__Stored data__.

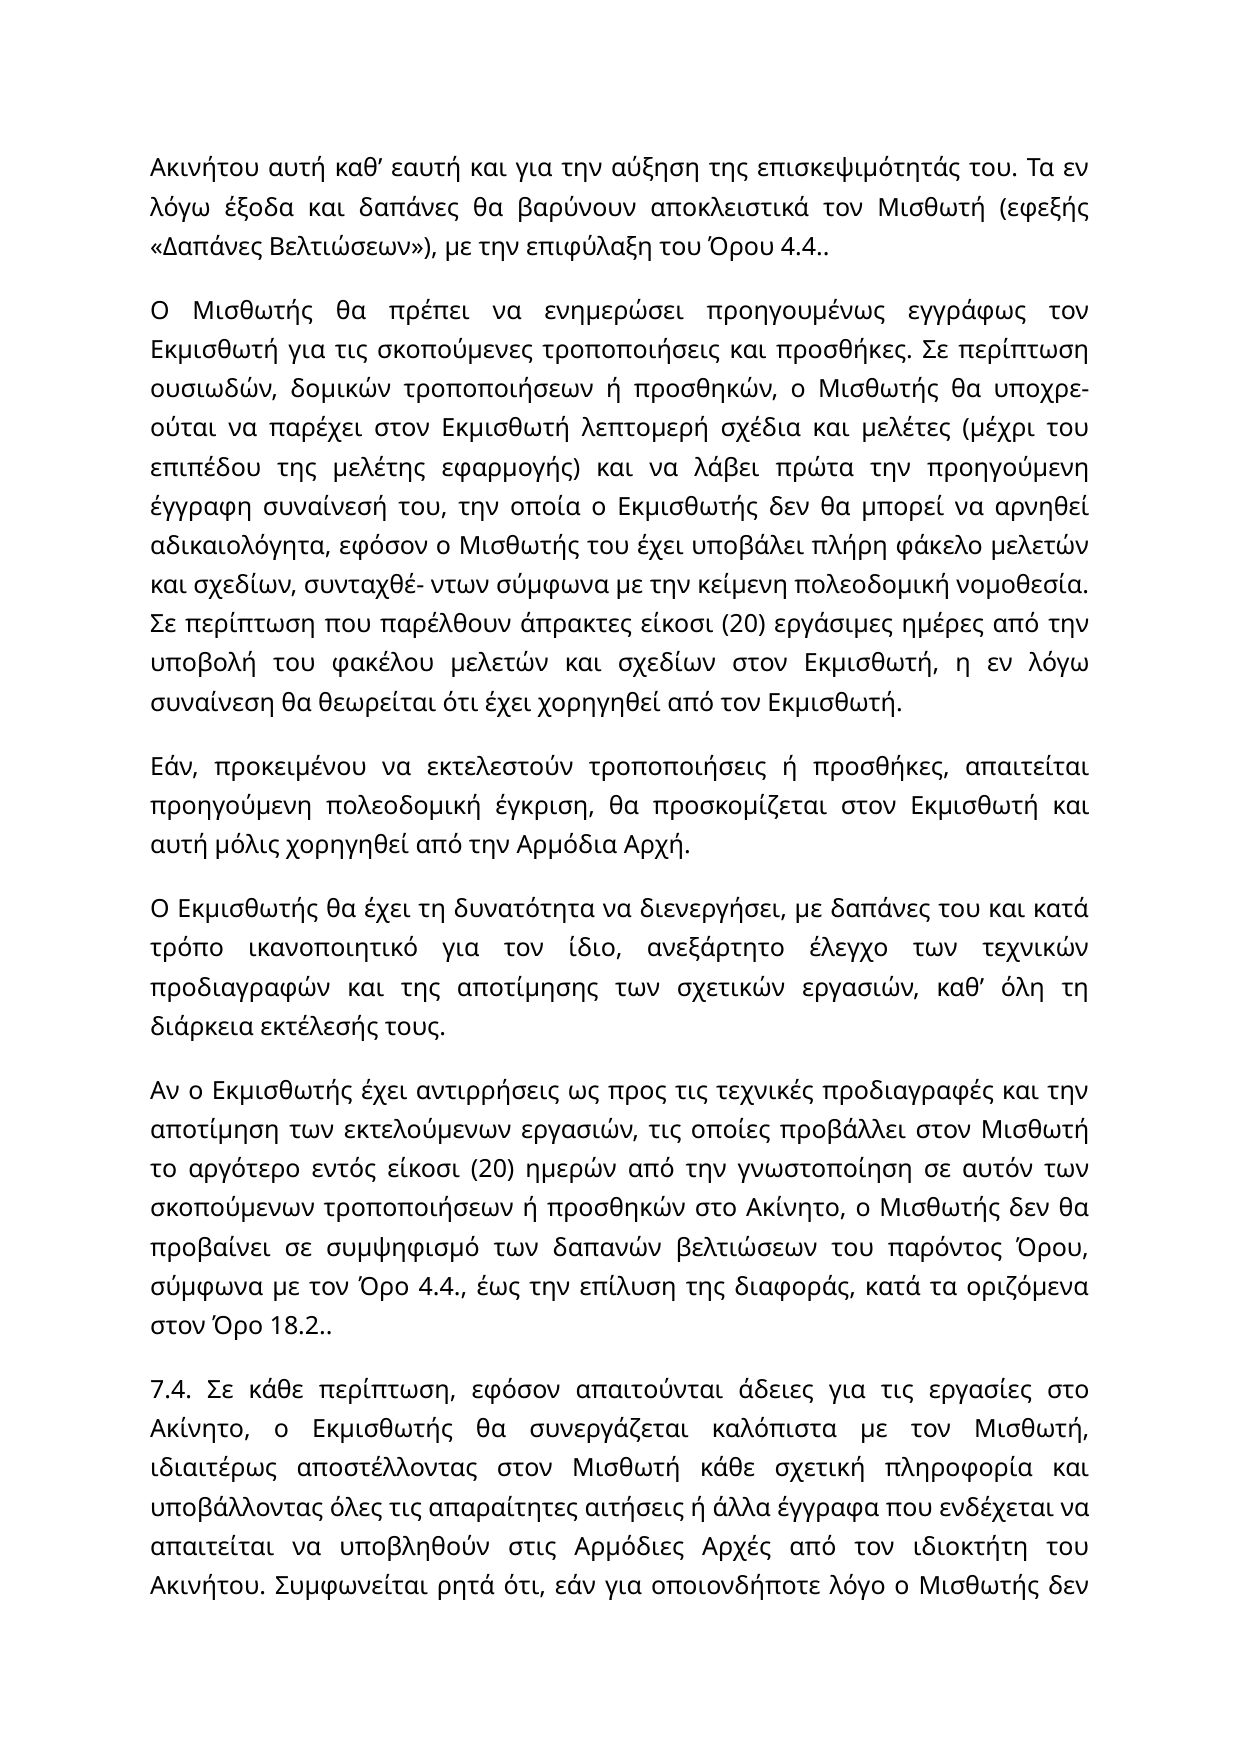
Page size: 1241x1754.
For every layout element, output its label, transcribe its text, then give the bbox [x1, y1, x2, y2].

text Ακινήτου αυτή καθ’ εαυτή και για την αύξηση της επισκεψιμότητάς του. Τα εν λόγω έξοδα και δαπάνες θα βαρύνουν αποκλειστικά τον Μισθωτή (εφεξής «Δαπάνες Βελτιώσεων»), με την επιφύλαξη του Όρου 4.4.. [150, 150, 1090, 262]
text Εάν, προκειμένου να εκτελεστούν τροποποιήσεις ή προσθήκες, απαιτείται προηγούμενη πολεοδομική έγκριση, θα προσκομίζεται στον Εκμισθωτή και αυτή μόλις χορηγηθεί από την Αρμόδια Αρχή. [150, 748, 1090, 861]
text 7.4. Σε κάθε περίπτωση, εφόσον απαιτούνται άδειες για τις εργασίες στο Ακίνητο, ο Εκμισθωτής θα συνεργάζεται καλόπιστα με τον Μισθωτή, ιδιαιτέρως αποστέλλοντας στον Μισθωτή κάθε σχετική πληροφορία και υποβάλλοντας όλες τις απαραίτητες αιτήσεις ή άλλα έγγραφα που ενδέχεται να απαιτείται να υποβληθούν στις Αρμόδιες Αρχές από τον ιδιοκτήτη του Ακινήτου. Συμφωνείται ρητά ότι, εάν για οποιονδήποτε λόγο ο Μισθωτής δεν [150, 1372, 1090, 1602]
text Αν ο Εκμισθωτής έχει αντιρρήσεις ως προς τις τεχνικές προδιαγραφές και την αποτίμηση των εκτελούμενων εργασιών, τις οποίες προβάλλει στον Μισθωτή το αργότερο εντός είκοσι (20) ημερών από την γνωστοποίηση σε αυτόν των σκοπούμενων τροποποιήσεων ή προσθηκών στο Ακίνητο, ο Μισθωτής δεν θα προβαίνει σε συμψηφισμό των δαπανών βελτιώσεων του παρόντος Όρου, σύμφωνα με τον Όρο 4.4., έως την επίλυση της διαφοράς, κατά τα οριζόμενα στον Όρο 18.2.. [150, 1072, 1090, 1342]
text Ο Εκμισθωτής θα έχει τη δυνατότητα να διενεργήσει, με δαπάνες του και κατά τρόπο ικανοποιητικό για τον ίδιο, ανεξάρτητο έλεγχο των τεχνικών προδιαγραφών και της αποτίμησης των σχετικών εργασιών, καθ’ όλη τη διάρκεια εκτέλεσής τους. [150, 891, 1090, 1042]
text Ο Μισθωτής θα πρέπει να ενημερώσει προηγουμένως εγγράφως τον Εκμισθωτή για τις σκοπούμενες τροποποιήσεις και προσθήκες. Σε περίπτωση ουσιωδών, δομικών τροποποιήσεων ή προσθηκών, ο Μισθωτής θα υποχρε- ούται να παρέχει στον Εκμισθωτή λεπτομερή σχέδια και μελέτες (μέχρι του επιπέδου της μελέτης εφαρμογής) και να λάβει πρώτα την προηγούμενη έγγραφη συναίνεσή του, την οποία ο Εκμισθωτής δεν θα μπορεί να αρνηθεί αδικαιολόγητα, εφόσον ο Μισθωτής του έχει υποβάλει πλήρη φάκελο μελετών και σχεδίων, συνταχθέ- ντων σύμφωνα με την κείμενη πολεοδομική νομοθεσία. Σε περίπτωση που παρέλθουν άπρακτες είκοσι (20) εργάσιμες ημέρες από την υποβολή του φακέλου μελετών και σχεδίων στον Εκμισθωτή, η εν λόγω συναίνεση θα θεωρείται ότι έχει χορηγηθεί από τον Εκμισθωτή. [150, 292, 1090, 718]

__Exercise objective__. The answer must be the line containing "text Αν ο Εκμισθωτής" and every line after it to the end of the data, each set down exactly.

__Answer section__.
text Αν ο Εκμισθωτής έχει αντιρρήσεις ως προς τις τεχνικές προδιαγραφές και την αποτίμηση των εκτελούμενων εργασιών, τις οποίες προβάλλει στον Μισθωτή το αργότερο εντός είκοσι (20) ημερών από την γνωστοποίηση σε αυτόν των σκοπούμενων τροποποιήσεων ή προσθηκών στο Ακίνητο, ο Μισθωτής δεν θα προβαίνει σε συμψηφισμό των δαπανών βελτιώσεων του παρόντος Όρου, σύμφωνα με τον Όρο 4.4., έως την επίλυση της διαφοράς, κατά τα οριζόμενα στον Όρο 18.2.. [150, 1072, 1090, 1342]
text Ο Εκμισθωτής θα έχει τη δυνατότητα να διενεργήσει, με δαπάνες του και κατά τρόπο ικανοποιητικό για τον ίδιο, ανεξάρτητο έλεγχο των τεχνικών προδιαγραφών και της αποτίμησης των σχετικών εργασιών, καθ’ όλη τη διάρκεια εκτέλεσής τους. [150, 891, 1090, 1042]
text Ο Μισθωτής θα πρέπει να ενημερώσει προηγουμένως εγγράφως τον Εκμισθωτή για τις σκοπούμενες τροποποιήσεις και προσθήκες. Σε περίπτωση ουσιωδών, δομικών τροποποιήσεων ή προσθηκών, ο Μισθωτής θα υποχρε- ούται να παρέχει στον Εκμισθωτή λεπτομερή σχέδια και μελέτες (μέχρι του επιπέδου της μελέτης εφαρμογής) και να λάβει πρώτα την προηγούμενη έγγραφη συναίνεσή του, την οποία ο Εκμισθωτής δεν θα μπορεί να αρνηθεί αδικαιολόγητα, εφόσον ο Μισθωτής του έχει υποβάλει πλήρη φάκελο μελετών και σχεδίων, συνταχθέ- ντων σύμφωνα με την κείμενη πολεοδομική νομοθεσία. Σε περίπτωση που παρέλθουν άπρακτες είκοσι (20) εργάσιμες ημέρες από την υποβολή του φακέλου μελετών και σχεδίων στον Εκμισθωτή, η εν λόγω συναίνεση θα θεωρείται ότι έχει χορηγηθεί από τον Εκμισθωτή. [150, 292, 1090, 718]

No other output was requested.